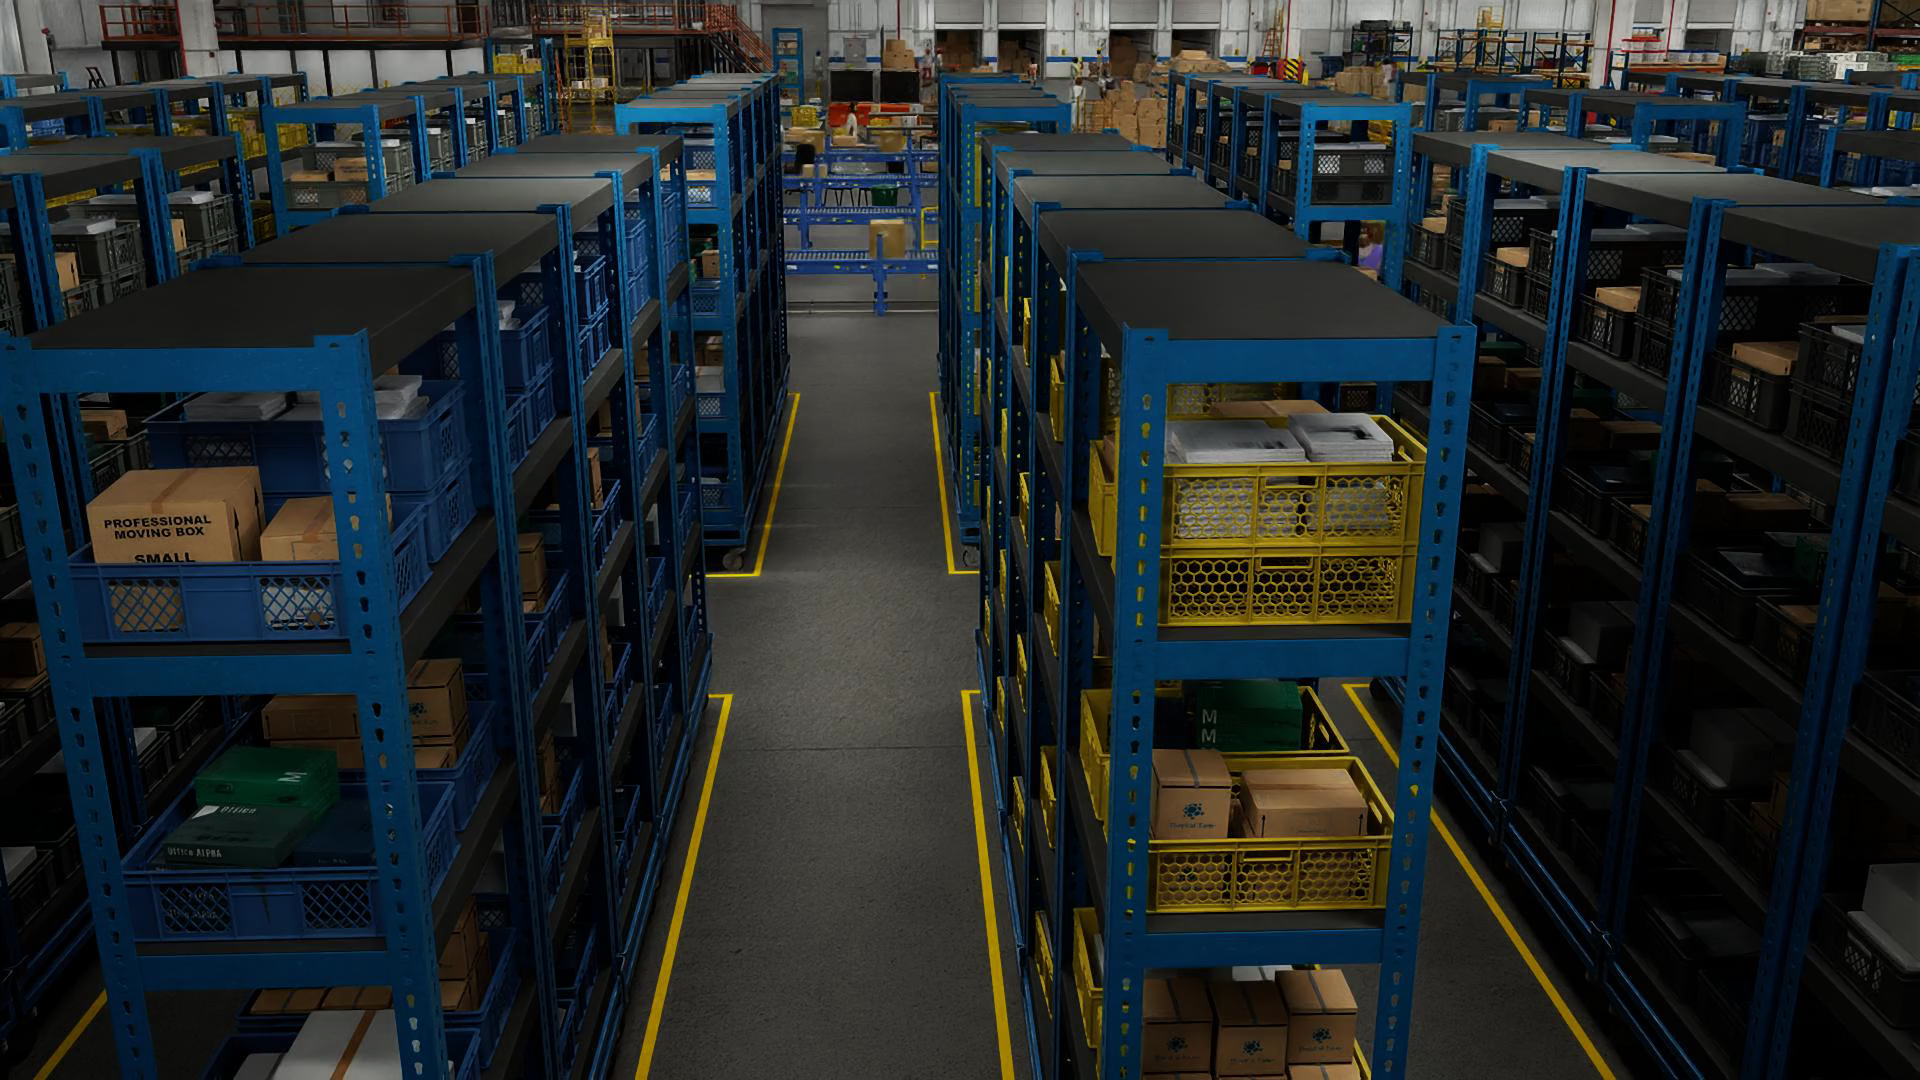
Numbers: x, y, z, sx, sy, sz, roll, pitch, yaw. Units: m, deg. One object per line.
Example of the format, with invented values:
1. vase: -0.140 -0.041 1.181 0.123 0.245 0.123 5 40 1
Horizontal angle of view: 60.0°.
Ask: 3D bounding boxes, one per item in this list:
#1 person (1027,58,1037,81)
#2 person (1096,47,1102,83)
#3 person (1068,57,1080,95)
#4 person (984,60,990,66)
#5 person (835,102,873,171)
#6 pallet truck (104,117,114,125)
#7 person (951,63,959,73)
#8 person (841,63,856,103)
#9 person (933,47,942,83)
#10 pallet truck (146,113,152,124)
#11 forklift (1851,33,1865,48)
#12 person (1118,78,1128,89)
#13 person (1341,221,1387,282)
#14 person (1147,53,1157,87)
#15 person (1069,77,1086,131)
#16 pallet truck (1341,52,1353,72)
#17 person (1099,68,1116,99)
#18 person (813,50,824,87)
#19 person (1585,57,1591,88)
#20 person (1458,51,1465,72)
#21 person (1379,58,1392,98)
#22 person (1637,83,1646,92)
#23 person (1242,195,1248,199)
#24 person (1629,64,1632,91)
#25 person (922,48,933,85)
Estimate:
1. person: 3.603 -23.097 82.633 0.534 1.697 0.318 -7 19 -20
2. person: 7.706 -26.281 92.115 0.370 1.928 0.585 2 18 7
3. person: 5.595 -22.327 80.096 0.883 1.794 0.639 13 22 35
4. person: 1.212 -20.152 73.211 1.023 1.882 0.659 -9 20 -26
5. person: -2.840 -10.576 43.712 1.008 1.822 0.511 -5 19 -16
6. pallet truck: -18.367 -7.885 35.078 1.885 1.965 0.823 1 18 2
7. person: -0.217 -17.726 65.501 0.450 2.018 0.604 11 21 31
8. person: -4.628 -18.835 69.130 0.902 1.896 0.588 -16 24 -40
9. person: -1.103 -26.521 92.873 0.723 1.923 0.555 5 18 14
10. pallet truck: -18.087 -8.309 36.390 1.885 1.965 0.823 -1 18 -4
11. forklift: 46.481 -24.949 86.470 1.129 2.768 1.873 -15 23 -40
12. person: 5.332 -14.446 55.530 0.678 1.911 0.566 -8 19 -22
13. person: 4.909 -3.009 20.337 0.564 1.797 1.004 5 19 16
14. person: 10.376 -25.050 88.619 0.887 1.718 0.552 -3 18 -11
15. person: 4.058 -15.075 57.564 0.574 1.853 0.836 2 18 6
16. pallet truck: 18.794 -23.123 82.231 0.823 1.965 1.885 -13 22 -35
17. person: 5.554 -16.617 62.030 0.712 2.000 0.544 -11 21 -30
18. person: -7.478 -24.882 87.789 0.617 1.926 0.623 7 19 19
19. person: 31.207 -23.134 82.732 0.587 1.703 0.545 3 18 8
20. person: 26.200 -24.511 86.745 0.573 1.868 0.580 -4 18 -12
21. person: 19.868 -21.661 78.021 0.926 1.803 0.643 -8 19 -22
22. person: 32.875 -22.328 80.015 0.506 1.847 0.346 14 23 37
23. person: 3.687 -3.602 21.993 0.512 1.897 0.651 4 18 13
24. person: 33.439 -23.361 83.085 0.561 1.923 0.632 8 20 23
25. person: -1.793 -25.718 90.340 0.634 1.956 0.996 -10 20 -27

* _ACTIVITY_:
Where the line containing "#24 person (1629,64,1632,91)" appears in the records above, begin copying and continue through the last line; copy each line exactly and include no others.

* _RESULT OF THIS EXERCISE_:
#24 person (1629,64,1632,91)
#25 person (922,48,933,85)
Estimate:
1. person: 3.603 -23.097 82.633 0.534 1.697 0.318 -7 19 -20
2. person: 7.706 -26.281 92.115 0.370 1.928 0.585 2 18 7
3. person: 5.595 -22.327 80.096 0.883 1.794 0.639 13 22 35
4. person: 1.212 -20.152 73.211 1.023 1.882 0.659 -9 20 -26
5. person: -2.840 -10.576 43.712 1.008 1.822 0.511 -5 19 -16
6. pallet truck: -18.367 -7.885 35.078 1.885 1.965 0.823 1 18 2
7. person: -0.217 -17.726 65.501 0.450 2.018 0.604 11 21 31
8. person: -4.628 -18.835 69.130 0.902 1.896 0.588 -16 24 -40
9. person: -1.103 -26.521 92.873 0.723 1.923 0.555 5 18 14
10. pallet truck: -18.087 -8.309 36.390 1.885 1.965 0.823 -1 18 -4
11. forklift: 46.481 -24.949 86.470 1.129 2.768 1.873 -15 23 -40
12. person: 5.332 -14.446 55.530 0.678 1.911 0.566 -8 19 -22
13. person: 4.909 -3.009 20.337 0.564 1.797 1.004 5 19 16
14. person: 10.376 -25.050 88.619 0.887 1.718 0.552 -3 18 -11
15. person: 4.058 -15.075 57.564 0.574 1.853 0.836 2 18 6
16. pallet truck: 18.794 -23.123 82.231 0.823 1.965 1.885 -13 22 -35
17. person: 5.554 -16.617 62.030 0.712 2.000 0.544 -11 21 -30
18. person: -7.478 -24.882 87.789 0.617 1.926 0.623 7 19 19
19. person: 31.207 -23.134 82.732 0.587 1.703 0.545 3 18 8
20. person: 26.200 -24.511 86.745 0.573 1.868 0.580 -4 18 -12
21. person: 19.868 -21.661 78.021 0.926 1.803 0.643 -8 19 -22
22. person: 32.875 -22.328 80.015 0.506 1.847 0.346 14 23 37
23. person: 3.687 -3.602 21.993 0.512 1.897 0.651 4 18 13
24. person: 33.439 -23.361 83.085 0.561 1.923 0.632 8 20 23
25. person: -1.793 -25.718 90.340 0.634 1.956 0.996 -10 20 -27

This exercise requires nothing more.